We need to bring solid waste management into all school curricula in an organised and cohesive manner, suggests Anjuli Bhargava.
A recent news report in The Times Of India caught my attention the other day: 'Mountains of waste: Hill states treat just 31 per cent of the trash'.
To be quite honest, I was rather taken aback at the number being as high as this.
Do the mountainous regions actually treat 31 per cent of their garbage?
Walk around in any Himalayan town and you would be forgiven for thinking this number (put out by the ministry of environment, forest and climate change) is much lower, if not zero.
But this column is not here to dwell on the problem.
So visible has become the size of India's garbage crisis that almost everyone -- even Lutyens' Delhi -- is now seized of it.
I will put forward a few suggestions that, in my view, can make some dent if we take the bull by its horns today.
At the cost of being repetitive, I'll say this: Building toilets is one part of it, tackling the garbage landfills and heaps is undeniably the other.
Although my expectations from all governments are rather low, I do think this one has done the country one favour by driving home the need to clean up.
Let's take it a step further.
Open defecation must be eliminated but so must the strewn garbage and the use of plastic.
Expand the scope of Swachh Bharat Mission.
Focus on segregating trash and treating it countrywide.
In fact, set one's goals high with solar and wind power generation targets.
To do this, the country must embark on a gargantuan awareness drive.
Can funds from SBM be used to finance such a campaign? Unless a clean-up drive is accompanied by behavioural change from a majority of the population, it won't go far in a country of our size.
This is not Singapore where you can impose heavy penalties and arm-twist citizens to obey.
Neither is it a small and homogenous Rwanda, where the authorities in capital city of Kigali have managed to achieve wonders by instilling a sense of pride in poorly paid municipal workers.
Leaving matters in the Indian state municipal bodies' hands -- as has been the case all these years -- has yielded very little.
The authorities seem neither concerned nor seized of the dangers of landfills, leachate and the outbreak of disease unchecked garbage can lead to.
Above all, we need to bring solid waste management into all school curricula in an organised and cohesive manner.
Explain how, what, where, when and why it is critical for everyone to be zero-waste individuals to children across India's government and private school system.
Just like the impending dangers of climate change and ways of mitigating it have slowly crept into syllabuses, India can try and spawn a future generation of waste warriors by starting from the word go.
Make it part of national curriculum, across state and central boards.
As they have shunned crackers, children will lead the way and induce parents to do the same.

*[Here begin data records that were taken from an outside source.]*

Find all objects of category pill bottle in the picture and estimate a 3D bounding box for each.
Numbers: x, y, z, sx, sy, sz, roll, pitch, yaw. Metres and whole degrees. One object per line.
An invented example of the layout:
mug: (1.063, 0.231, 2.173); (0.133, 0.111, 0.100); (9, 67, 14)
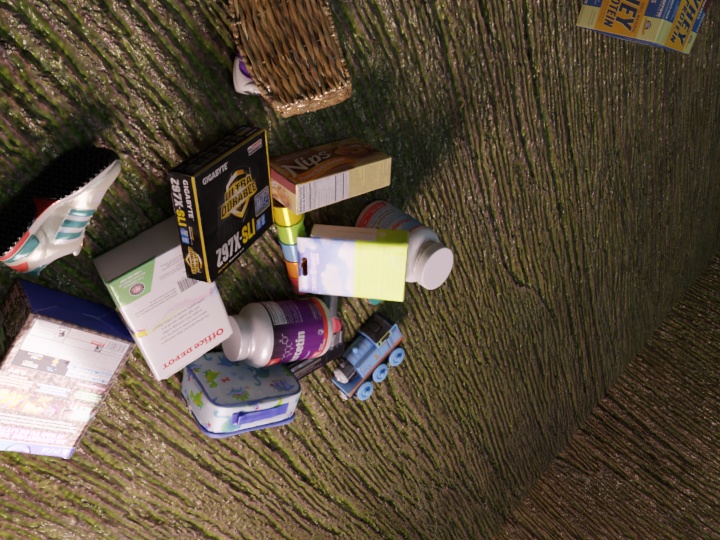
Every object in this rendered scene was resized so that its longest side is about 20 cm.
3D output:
pill bottle: (0.083, -0.049, 1.122); (0.106, 0.199, 0.112); (-22, 130, -30)
pill bottle: (-0.152, 0.113, 1.068); (0.195, 0.112, 0.116); (-4, 119, -41)

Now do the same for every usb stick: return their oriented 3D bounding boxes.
usb stick: (-0.114, 0.196, 1.218); (0.196, 0.032, 0.057); (-28, 140, -29)

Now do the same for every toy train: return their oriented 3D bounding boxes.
toy train: (0.017, 0.195, 1.305); (0.200, 0.086, 0.116); (-43, 131, -16)

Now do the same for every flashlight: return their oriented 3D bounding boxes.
flashlight: (-0.061, 0.048, 1.155); (0.067, 0.067, 0.207); (-19, 122, -44)

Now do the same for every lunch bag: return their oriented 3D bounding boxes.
lunch bag: (-0.213, 0.216, 1.040); (0.196, 0.160, 0.085); (-1, 118, -43)

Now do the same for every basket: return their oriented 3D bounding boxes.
basket: (-0.099, -0.326, 0.815); (0.138, 0.149, 0.207); (-17, 101, 3)

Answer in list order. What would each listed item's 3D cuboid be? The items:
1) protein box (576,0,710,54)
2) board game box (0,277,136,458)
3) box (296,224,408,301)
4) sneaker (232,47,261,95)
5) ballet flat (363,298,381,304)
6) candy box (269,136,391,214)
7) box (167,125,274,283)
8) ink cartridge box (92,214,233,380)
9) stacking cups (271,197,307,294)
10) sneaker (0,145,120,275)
protein box: (0.634, -0.587, 1.301); (0.194, 0.199, 0.139); (-7, 121, -39)
board game box: (-0.446, 0.142, 0.819); (0.158, 0.096, 0.203); (29, 94, -48)
box: (-0.013, -0.013, 1.035); (0.192, 0.048, 0.125); (5, 124, 4)
sneaker: (-0.100, -0.307, 0.880); (0.196, 0.079, 0.087); (-13, 113, -41)
ballet flat: (0.000, 0.000, 1.166); (0.069, 0.066, 0.202); (-32, 146, -7)
candy box: (-0.056, -0.164, 0.980); (0.196, 0.115, 0.057); (-22, 129, -32)
box: (-0.197, -0.103, 0.862); (0.201, 0.048, 0.165); (-55, 152, -54)
ink cartridge box: (-0.300, 0.044, 0.904); (0.143, 0.083, 0.205); (-32, 133, -25)
stacking cups: (-0.116, -0.043, 1.040); (0.060, 0.060, 0.205); (-29, 132, -25)
sneaker: (-0.389, -0.076, 0.770); (0.200, 0.070, 0.094); (-47, 156, -13)
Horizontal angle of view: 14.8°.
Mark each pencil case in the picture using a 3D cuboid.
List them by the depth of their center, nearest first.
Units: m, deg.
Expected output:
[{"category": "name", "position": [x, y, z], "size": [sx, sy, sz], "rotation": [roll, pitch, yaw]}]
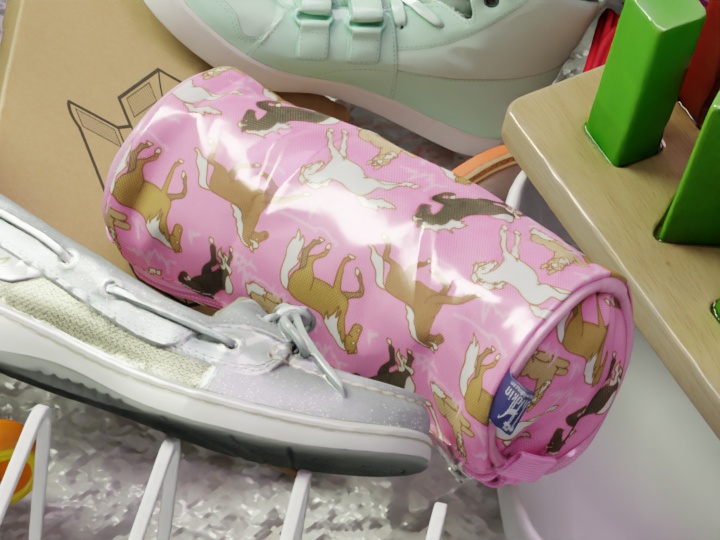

The good news here is we don't have to start from scratch.
In Bengaluru, an organisation has developed Trashonomics, a simply written and illustrated booklet that makes children aware of the basics of SWM. The what, the how and the why of reducing waste footprint.
The book uses a crow -- an intelligent bird that wastes nothing -- to explain simple concepts, guide and prod children to adopt these practices as a way of life as they step into adulthood.
In five chapters, it explains what happens when one mixes waste, burns it or just dumps it, or what one can do to reduce the total quantity generated and how to segregate it.
A chapter contains at-home solutions and illustrates how to handle organic waste at home including composting and dealing with recyclable waste.
The book also touches upon being a responsible consumer and minimising the use of plastic.
At the Corbett Tiger Reserve, the Waste Warriors (an organisation headquartered in Uttarakhand) chapter has taken things head on and is now working with a host of schools and villages to tackle this growing menace.
Films, videos and print material have been developed and is being used to explain why tackling trash is critical for our future survival.